Öcalan’ı terör aşamasından, barış aşamasına taşıyan, bence tam 10 neden bulunmaktadır. 1) Ak Parti iktidarının terörü bitirme konusundaki kesin-kararlı-etkin tutumu ve PKK’ye verdirilebilen büyük kayıplar 2) Demokratik açılım düzlemindeki reformların verdiği hakların, genişleme istidanının, yansıttığı umutlar 3) Başbakan Erdoğan’a Diyarbakır Bağımsız Milletvekili Leyla Zana ve daha birçoklarının tekrarladığı ‘Kürt sorununu çözerse, ancak Erdoğan çözer’ türündeki beyanlarda yansıdığı üzere, duyulan güven. 4) İktidarın, askeri yargı-YÖK gibi, vesayetleri, kırabilmesi; darbelere cesaretle direnebilmesi. 5) Daha demokratik, yeni bir anayasa, umutları. 6) Türkiye’nin bölgesel ve küresel düzeyde, güçlenen ekonomisi-süren siyasi istikrarı ve zulme karşı çıkışlarının yükselen önemi-prestiji. 7) Uluslararası konjonktürün Türkiye lehine dönmesi. 8) Teröre karşı birikmiş milli infialin yaygınlaşıp, patlayabilecek bir kıvama gelmiş olması. 9) Terörle, Türkiye’yi bölmenin, imkansızlığının anlaşılması ve barış içinde birlikte yaşamanın daha avantajlı olacağı inancı. 10) Nihayet, bu terör vahşetlerinin, korkunç tahribatından oluşan ıstırap-beşeri dramların, Öcalan’da pişmanlığı egemen kılması. Akıl-mantık sahibi, hiç kimse, hele lider vasıfları taşıyorsa, üstelik koşullar aleyhe dönmüşse; barış dışında bir yol izlemeyez.
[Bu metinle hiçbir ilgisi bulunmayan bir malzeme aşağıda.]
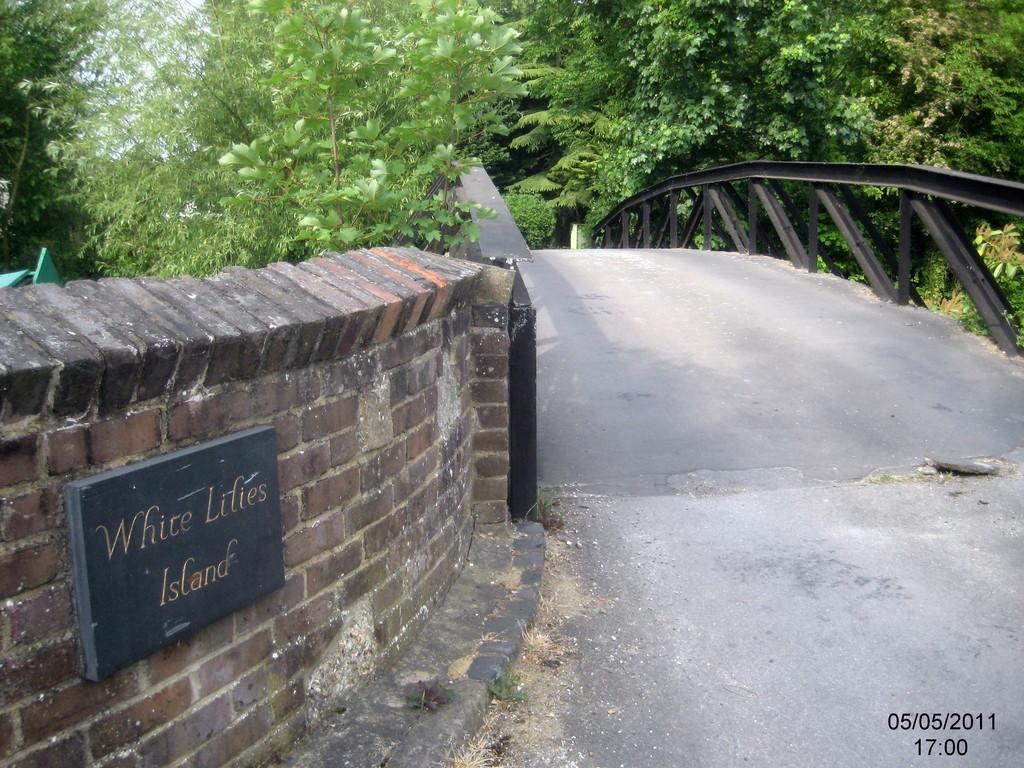Can you describe this image briefly? In the picture we can see a brick wall on it, we can see a board written on it as white lilies island and beside it, we can see a pathway with railings on the both sides and behind the railings we can see full of plants and trees.

Bir de Öcalan’ın Kürtçe bilmediği ve türkçe konuştuğu, dilin bir kültürün taşıyıcısı da olduğu hatırlanmalıdır. İşte Öcalan’daki barışçı dönüşümün özetle nedenleri.

Reformlar sürmeli
Barışı vatan sathında yaygınlaştıracak reformlar (anayasa) gerekmektedir.
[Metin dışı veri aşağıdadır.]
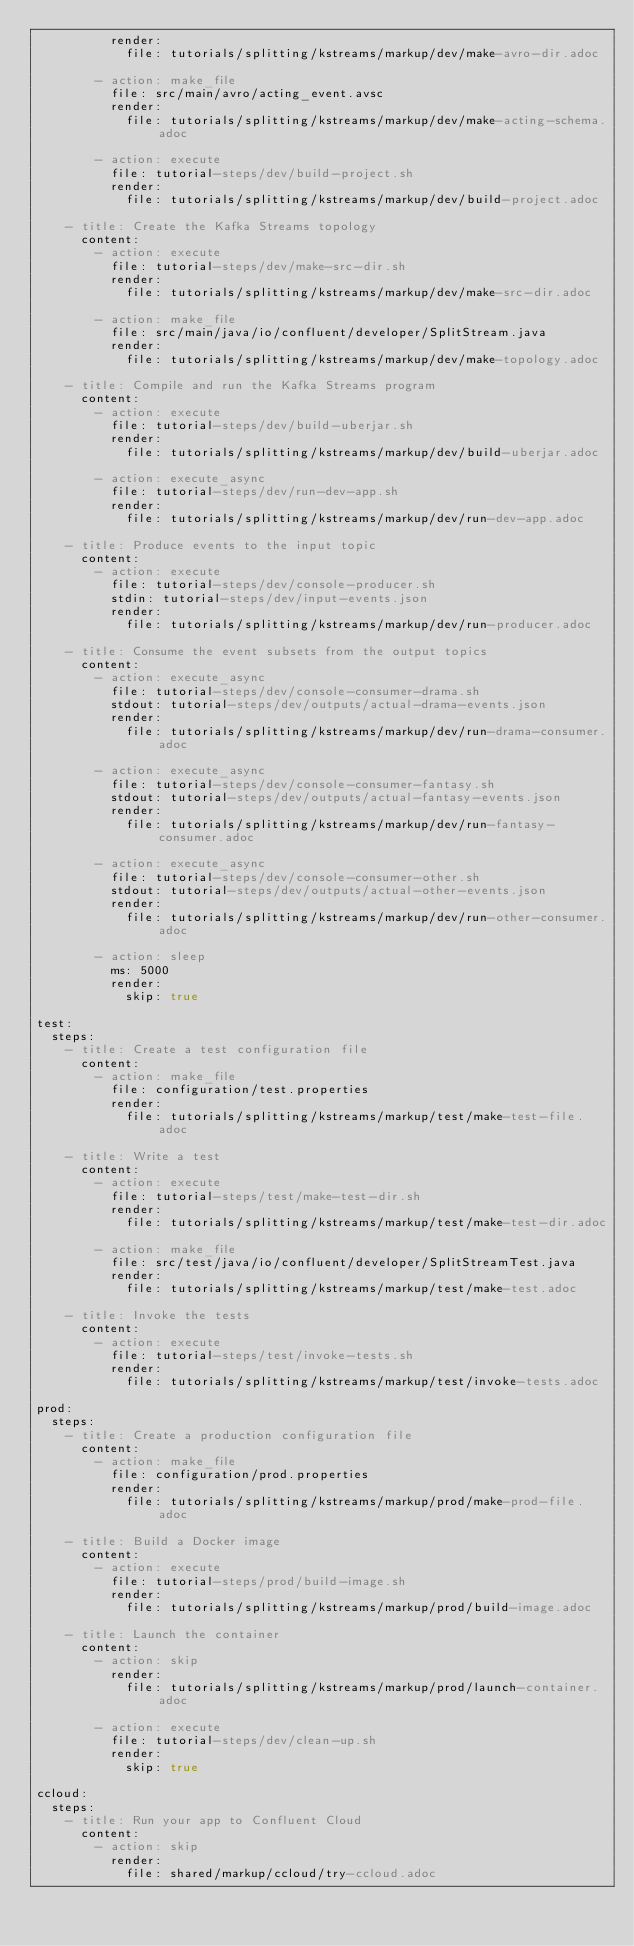Convert code to text. <code><loc_0><loc_0><loc_500><loc_500><_YAML_>          render:
            file: tutorials/splitting/kstreams/markup/dev/make-avro-dir.adoc

        - action: make_file
          file: src/main/avro/acting_event.avsc
          render:
            file: tutorials/splitting/kstreams/markup/dev/make-acting-schema.adoc

        - action: execute
          file: tutorial-steps/dev/build-project.sh
          render:
            file: tutorials/splitting/kstreams/markup/dev/build-project.adoc

    - title: Create the Kafka Streams topology
      content:
        - action: execute
          file: tutorial-steps/dev/make-src-dir.sh
          render:
            file: tutorials/splitting/kstreams/markup/dev/make-src-dir.adoc

        - action: make_file
          file: src/main/java/io/confluent/developer/SplitStream.java
          render:
            file: tutorials/splitting/kstreams/markup/dev/make-topology.adoc

    - title: Compile and run the Kafka Streams program
      content:
        - action: execute
          file: tutorial-steps/dev/build-uberjar.sh
          render:
            file: tutorials/splitting/kstreams/markup/dev/build-uberjar.adoc

        - action: execute_async
          file: tutorial-steps/dev/run-dev-app.sh
          render:
            file: tutorials/splitting/kstreams/markup/dev/run-dev-app.adoc

    - title: Produce events to the input topic
      content:
        - action: execute
          file: tutorial-steps/dev/console-producer.sh
          stdin: tutorial-steps/dev/input-events.json
          render:
            file: tutorials/splitting/kstreams/markup/dev/run-producer.adoc

    - title: Consume the event subsets from the output topics
      content:
        - action: execute_async
          file: tutorial-steps/dev/console-consumer-drama.sh
          stdout: tutorial-steps/dev/outputs/actual-drama-events.json
          render:
            file: tutorials/splitting/kstreams/markup/dev/run-drama-consumer.adoc

        - action: execute_async
          file: tutorial-steps/dev/console-consumer-fantasy.sh
          stdout: tutorial-steps/dev/outputs/actual-fantasy-events.json
          render:
            file: tutorials/splitting/kstreams/markup/dev/run-fantasy-consumer.adoc

        - action: execute_async
          file: tutorial-steps/dev/console-consumer-other.sh
          stdout: tutorial-steps/dev/outputs/actual-other-events.json
          render:
            file: tutorials/splitting/kstreams/markup/dev/run-other-consumer.adoc

        - action: sleep
          ms: 5000
          render:
            skip: true

test:
  steps:
    - title: Create a test configuration file
      content:
        - action: make_file
          file: configuration/test.properties
          render:
            file: tutorials/splitting/kstreams/markup/test/make-test-file.adoc

    - title: Write a test
      content:
        - action: execute
          file: tutorial-steps/test/make-test-dir.sh
          render:
            file: tutorials/splitting/kstreams/markup/test/make-test-dir.adoc

        - action: make_file
          file: src/test/java/io/confluent/developer/SplitStreamTest.java
          render:
            file: tutorials/splitting/kstreams/markup/test/make-test.adoc

    - title: Invoke the tests
      content:
        - action: execute
          file: tutorial-steps/test/invoke-tests.sh
          render:
            file: tutorials/splitting/kstreams/markup/test/invoke-tests.adoc

prod:
  steps:
    - title: Create a production configuration file
      content:
        - action: make_file
          file: configuration/prod.properties
          render:
            file: tutorials/splitting/kstreams/markup/prod/make-prod-file.adoc

    - title: Build a Docker image
      content:
        - action: execute
          file: tutorial-steps/prod/build-image.sh
          render:
            file: tutorials/splitting/kstreams/markup/prod/build-image.adoc

    - title: Launch the container
      content:
        - action: skip
          render:
            file: tutorials/splitting/kstreams/markup/prod/launch-container.adoc

        - action: execute
          file: tutorial-steps/dev/clean-up.sh
          render:
            skip: true            

ccloud:
  steps:
    - title: Run your app to Confluent Cloud
      content:
        - action: skip
          render:
            file: shared/markup/ccloud/try-ccloud.adoc
</code>

Özetlersek: Kelepçelerinden kurtulmuş, milli iradeyi egemen kılan, çağdaş yeni bir anayasa, katılımcı, ilerici bir demokrasi/egemen çevrelerin değil, vatandaşların, eşitlenmiş, adil vatandaşlığına dayanan, sivil, tam bir cumhuriyet. ayrıcalıksız, adil, bağımsız bir yargı, dinsel cehalet düzleminde oluşabilen ilkel düşmanlıklarla insan hakları çerçevesinde mutlaka saygı gösterilmesi gereken dinsel ötekileştiren, zorba laiklikten, demokratik laikliğe geçilmelidir. Demokratik adil temsile engelleyen yüzde 10’luk baraj, yüzde 5’e indirilmelidir.
Gerçek liderler, zamanın ruhunu, mekanın ihtiyaçlarını doğru kavrayarak, cesaretve kararlılıklı, yürüyebilenlerdir.